At the moment no co-operatively controlled and owned platform can plausibly compete with Facebook. There are formidable obstacles to creating one. The forces pushing for an egalitarian solution to the problems of privacy and publicity are disunited and weak. The large co-operatives have shown little interest in building co-operative platforms. Trade unions have shied away from the kind of strategic investments in communications that underpinned the triumph of social democracy in the middle decades of the twentieth century. Few politicians appear even vaguely interested in developing a co-operative economy, much less in tackling the corporate control of information. Meanwhile the state and the corporate sector are determined to prevent new technology from weakening their effective veto on forms of public speech that they dislike.

But there are grounds for optimism. John McDonnell is a senior figure in the current Labour Party in the UK. Speaking at the Open Co-ops conference last week it was clear that he understands how the state could strengthen the co-operative sector. Matthew Brown, a Labour councillor in Preston, Lancashire, is already using the limited powers of local government to make a start. The platform co-operative initiative is only a few years old but it is already beginning to articulate a different vision for our shared future. It even has a website.

The democracy movements in North America, Europe and the Middle East all sought to break the existing communicative order. Once the young people who provided so much of their impetus grasp the transformative potential of co-operative platforms there is no telling what they will achieve. They have the skills to make a start, and the social power to attract others.

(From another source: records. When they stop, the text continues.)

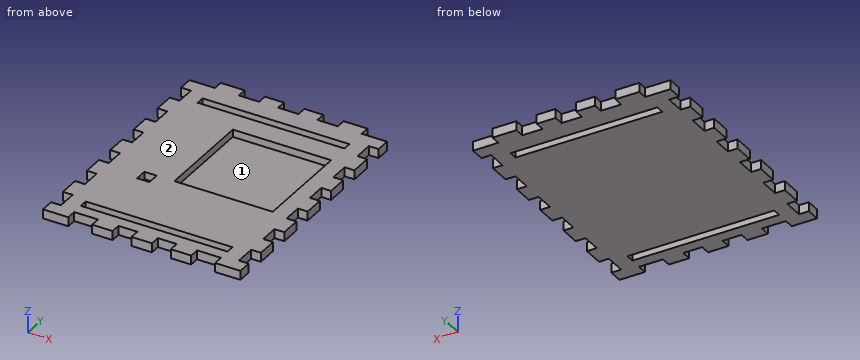
from build123d import *

# Parameters (mm, degrees)
MODEL_W             = 59.689998908
MODEL_H             = 3.386668819
MODEL_H_2           = 3.3866668
BOSS_EXTRUDE1_DEPTH = 3.7
SKETCH1_W           = 2.5
SKETCH1_H           = 2.5
SKETCH1_W_2         = 40
SKETCH1_H_2         = 40
CUT_EXTRUDE1_DEPTH  = 3


with BuildPart() as part:
    # Model → Boss-Extrude1 (new body)
    with BuildSketch(Plane.XY):
        Polygon((7.659321824, 131.185313162), (11.645711781, 131.185313467), (11.645711781, 123.120135193), (7.659323163, 123.120135799), (7.659323163, 114.794580784), (11.645711704, 114.794580995), (11.645711704, 106.729402721), (7.659323085, 106.729402721), (7.659322496, 101.163927511), (17.960431856, 101.163927511), (17.960431856, 105.185592023), (27.661820742, 105.185592023), (27.661820742, 101.163927511), (35.952098518, 101.163927511), (35.952098518, 105.185592023), (43.642655148, 105.185592023), (43.642655148, 101.163927511), (51.968212855, 101.163927511), (51.968212855, 105.185592023), (59.658766793, 105.185592023), (59.658766793, 101.163927511), (67.949044569, 101.163927511), (67.949044569, 105.185592023), (77.650433456, 105.185592023), (77.650433456, 101.163927511), (87.951545673, 101.163927511), (87.951545673, 106.78652537), (83.965155709, 106.78652537), (83.965155709, 115.20447842), (87.951545673, 115.204478756), (87.951545673, 123.494756532), (83.965155708, 123.494756532), (83.965155708, 131.185313162), (87.951545168, 131.185313162), (87.951545168, 139.475590938), (83.965156213, 139.475590938), (83.965156213, 147.166147568), (87.951545168, 147.166147568), (87.951545168, 155.456425344), (83.965156213, 155.456425344), (83.965156213, 163.182259213), (87.951545168, 163.182259213), (87.951545168, 171.472536989), (83.965156213, 171.472536989), (83.965156213, 179.163092274), (87.951545169, 179.163092274), (87.951545169, 187.851347209), (84.066213746, 187.851347204), (83.965155204, 195.685953684), (87.951545169, 195.685953684), (87.951544665, 201.458647414), (77.650433455, 201.458647414), (77.650433455, 205.445036033), (67.949044569, 205.445036033), (67.949044569, 201.458647414), (59.658766793, 201.458647414), (59.658766793, 205.445036033), (51.968212854, 205.445036033), (51.968212854, 201.458647414), (43.642655148, 201.458647414), (43.642655148, 205.445036033), (35.952098517, 205.445036033), (35.952098517, 201.458647414), (27.661820742, 201.458647414), (27.661820742, 205.445036033), (17.960431855, 205.445036033), (17.960431855, 201.458647414), (7.659323162, 201.458647414), (7.659321865, 195.685953684), (11.645710483, 195.685953684), (11.645711788, 187.863269672), (7.65932317, 187.863269672), (7.65932317, 179.537714657), (11.645711788, 179.537715263), (11.645711788, 171.472536989), (7.659321824, 171.472536989), (7.659321824, 163.182259214), (11.645711789, 163.182259214), (11.645711789, 155.456425344), (7.659321824, 155.456425344), (7.659321824, 147.166147568), (11.645711789, 147.166147568), (11.645711789, 139.475590938), (7.659321824, 139.475590938), align=None)
        with Locations((47.664322352, 111.627811013)):
            Rectangle(MODEL_W, MODEL_H, mode=Mode.SUBTRACT)
        with Locations((47.664322352, 191.629758602)):
            Rectangle(MODEL_W, MODEL_H_2, mode=Mode.SUBTRACT)
    extrude(amount=BOSS_EXTRUDE1_DEPTH)

    # Sketch1 → Cut-Extrude1 (cut)
    with BuildSketch(Plane.XY.offset(3.7)):
        with Locations((26.569322898, 137.071145422)):
            Rectangle(SKETCH1_W, SKETCH1_H)
        Polygon((27.819322898, 138.321145422), (27.819322898, 135.821145422), (30.319322898, 135.821145422), (30.319322898, 140.821145422), (25.319322898, 140.821145422), (25.319322898, 138.321145422), align=None)
        with Locations((57.509321806, 160.821145422)):
            Rectangle(SKETCH1_W_2, SKETCH1_H_2)
    extrude(amount=-CUT_EXTRUDE1_DEPTH, mode=Mode.SUBTRACT)


solid = part.part
Can you work these out from the model? Positions are in its coordinate system, mm. Face numbers are marked on the shaded views. Coordinates: 2 decimals unless noted, no trailing zeros. Write each loop counter-clockwise with the first axis right and the second up, starting at its lowest first coordinate (ties: lowest second). Pieces come first, ordered by that corner, then holes. Notation, with made-up numbers: (38.25, 76.5) -> (50.25, 76.5) arc R23 cw to (50.25, 85.5) -> close; hole circle Ø2 at (-8.5, 8). An arc over 180 degrees is marked (long way). Answer as CSV lines item,"result".
1) If we section it at B-B on x = 32: Please give me the cut outline in (y, z).
Check result:
outline,"(101.16, 0) -> (109.93, 0) -> (109.93, 3.7) -> (101.16, 3.7) -> close; (113.32, 0) -> (189.94, 0) -> (189.94, 3.7) -> (113.32, 3.7) -> close; (193.32, 0) -> (201.46, 0) -> (201.46, 3.7) -> (193.32, 3.7) -> close"
2) If we section it at D-D on y = 178: Please give me the cut outline in (x, z), then the cut area to 3 significant figures.
Check result:
outline,"(11.65, 0) -> (83.97, 0) -> (83.97, 3.7) -> (77.51, 3.7) -> (77.51, 0.7) -> (37.51, 0.7) -> (37.51, 3.7) -> (11.65, 3.7) -> close"
area,"148 mm²"
3) If I drill on line 1 (Y direction, x = 27, z = 1.9); line 2 (Y direction, x = 20.5, z = 3.1); line 3 (Y direction, x = 46.5, z = 3.05), over which ranges is the centre line in solid material (lowest first)? Write a range as from..to.
Check result:
line 1,"105.19..109.93, 113.32..135.82, 140.82..189.94, 193.32..205.45"
line 2,"105.19..109.93, 113.32..189.94, 193.32..205.45"
line 3,"101.16..109.93, 113.32..140.82, 180.82..189.94, 193.32..201.46"
4) Will these pins go through, and if not, where does the flat tip stop? P1, Ø1.1, axis at y = 159.5, z = 2, coming from the +X side; P2, Ø1.8, axis at x = 46.5, z = 2.5, coming from the +Y side; P3, Ø1.7, axis at y = 192.5, z = 1.5, coming from the -X side.
Check result:
P1,"x = 83.97"
P2,"y = 201.46"
P3,"x = 11.65"
5) If we section it at A-A on x = 20.5: Please give me the cut outline in (y, z), then the cut area to 3 significant figures.
Check result:
outline,"(105.19, 0) -> (109.93, 0) -> (109.93, 3.7) -> (105.19, 3.7) -> close; (113.32, 0) -> (189.94, 0) -> (189.94, 3.7) -> (113.32, 3.7) -> close; (193.32, 0) -> (205.45, 0) -> (205.45, 3.7) -> (193.32, 3.7) -> close"
area,"346 mm²"
6) If we section it at C-C on z = 2.55: Count the separate pieces of the cut face and the enclosed holes in it, then the cut area to 3 significant figures.
Check result:
separate pieces,"1"
enclosed holes,"4"
area,"5,650 mm²"
7) If we mould it in two halves opening along Y, with no side actions, what happens to the marked faces 1 and 2? For each: +Y half, -Y half, draft (parallel to the pull), parting line (faces both ways), or undercut.
Check result:
face 1,"undercut"
face 2,"draft"

After all, if one project with the right architecture – radically decentralized and encrypted data, free software and a transparent and democratically accountable governance structure – succeeds, then it could grow rapidly and displace its corporate competitors. It does not have to be perfect, as long as the structure permits gradual improvement. No one actively wants to hand themselves over to data harvesters, one moment of inadvertent disclosure at a time. The benefits of democratic control of social media and other digital spaces are an article of faith. They need to become a matter of lived experience.

At the end of his piece Zuckerberg quotes Abraham Lincoln:

We can succeed only by concert. It is not 'can any of us imagine better?' but, 'can we all do better?' The dogmas of the quiet past, are inadequate to the stormy present. The occasion is piled high with difficulty, and we must rise with the occasion. As our case is new, so we must think anew, act anew.

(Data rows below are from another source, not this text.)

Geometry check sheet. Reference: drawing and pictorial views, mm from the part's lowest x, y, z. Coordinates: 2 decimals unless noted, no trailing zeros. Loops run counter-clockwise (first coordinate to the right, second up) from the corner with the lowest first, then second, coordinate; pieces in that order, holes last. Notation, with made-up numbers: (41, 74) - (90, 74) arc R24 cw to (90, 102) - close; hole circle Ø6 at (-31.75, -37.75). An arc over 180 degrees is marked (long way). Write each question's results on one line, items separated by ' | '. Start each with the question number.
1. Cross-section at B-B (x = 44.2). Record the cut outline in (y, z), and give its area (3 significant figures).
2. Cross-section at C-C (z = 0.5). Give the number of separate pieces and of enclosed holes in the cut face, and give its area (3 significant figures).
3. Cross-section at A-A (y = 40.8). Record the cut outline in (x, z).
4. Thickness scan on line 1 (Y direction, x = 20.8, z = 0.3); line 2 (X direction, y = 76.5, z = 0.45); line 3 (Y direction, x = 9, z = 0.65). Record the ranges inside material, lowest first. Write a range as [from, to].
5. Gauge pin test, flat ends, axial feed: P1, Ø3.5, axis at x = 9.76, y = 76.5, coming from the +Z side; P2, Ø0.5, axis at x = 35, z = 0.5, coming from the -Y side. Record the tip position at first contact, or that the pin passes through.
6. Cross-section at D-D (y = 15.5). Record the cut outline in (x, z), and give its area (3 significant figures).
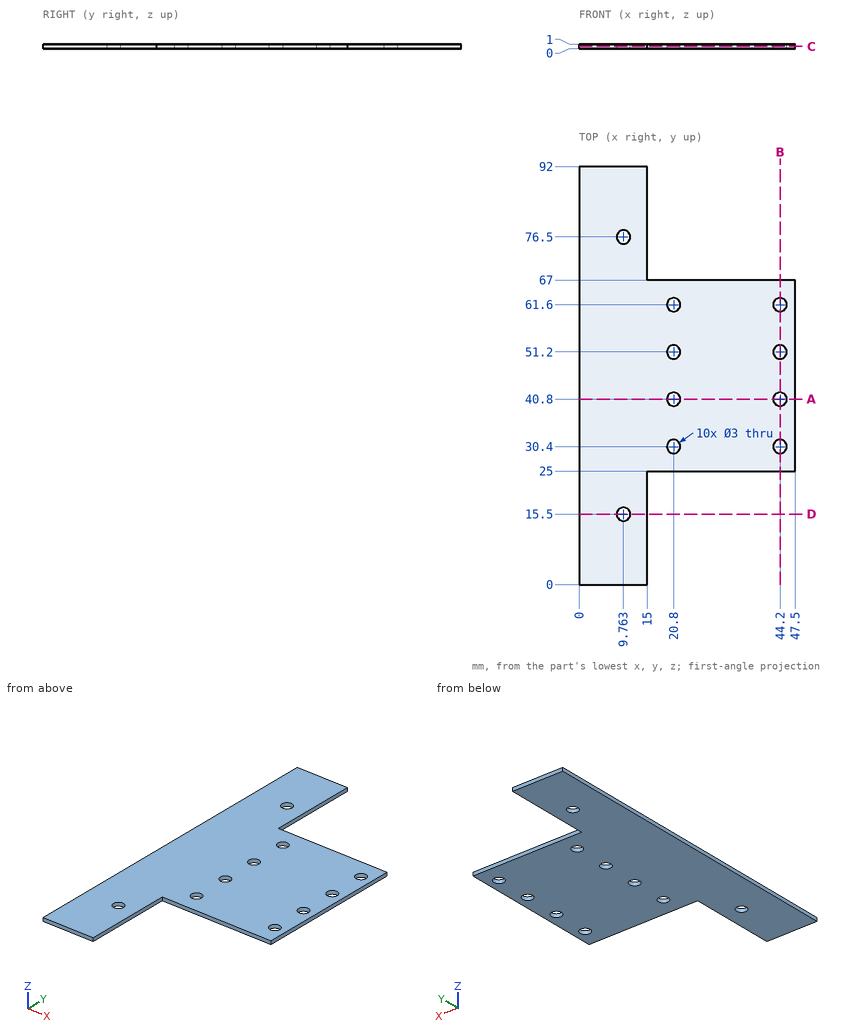
Established:
1) outline: (25, 0) - (28.9, 0) - (28.9, 1) - (25, 1) - close; (31.9, 0) - (39.3, 0) - (39.3, 1) - (31.9, 1) - close; (42.3, 0) - (49.7, 0) - (49.7, 1) - (42.3, 1) - close; (52.7, 0) - (60.1, 0) - (60.1, 1) - (52.7, 1) - close; (63.1, 0) - (67, 0) - (67, 1) - (63.1, 1) - close | area: 30.0 mm^2
2) separate pieces: 1 | enclosed holes: 10 | area: 2,670 mm^2
3) outline: (0, 0) - (19.3, 0) - (19.3, 1) - (0, 1) - close; (22.3, 0) - (42.7, 0) - (42.7, 1) - (22.3, 1) - close; (45.7, 0) - (47.5, 0) - (47.5, 1) - (45.7, 1) - close
4) line 1: [25, 28.9], [31.9, 39.3], [42.3, 49.7], [52.7, 60.1], [63.1, 67] | line 2: [0, 8.26], [11.26, 15] | line 3: [0, 14.21], [16.79, 75.21], [77.79, 92]
5) P1: z = 1 | P2: y = 25
6) outline: (0, 0) - (8.26, 0) - (8.26, 1) - (0, 1) - close; (11.26, 0) - (15, 0) - (15, 1) - (11.26, 1) - close | area: 12.0 mm^2

Lincoln was a fierce opponent of the concentration of wealth. His republicanism sought to preserve an economy characterized by independent production and democratic oversight. It is always a mistake to claim historical figures for contemporary purposes but Lincoln’s model political economy has much more in common with the platform co-operators than with the CEO of Facebook.

As ever, we can only succeed in concert. And if we do not act now then the moment will pass away. The system of centralized control established in America after Lincoln’s violent death and exported worldwide after 1945 will survive the end of broadcast and newspaper oligopoly into the age of digital communication. A terrain of managed opposition and orchestrated controversy will stretch from each atomized individual to the distant, shared horizon.

With a little effort each of us can imagine better. But can we all do better, against determined and concerted opposition? History teaches us that our capacity for self-defeating division is almost infinite. But it also teaches us that anything can happen, even liberation.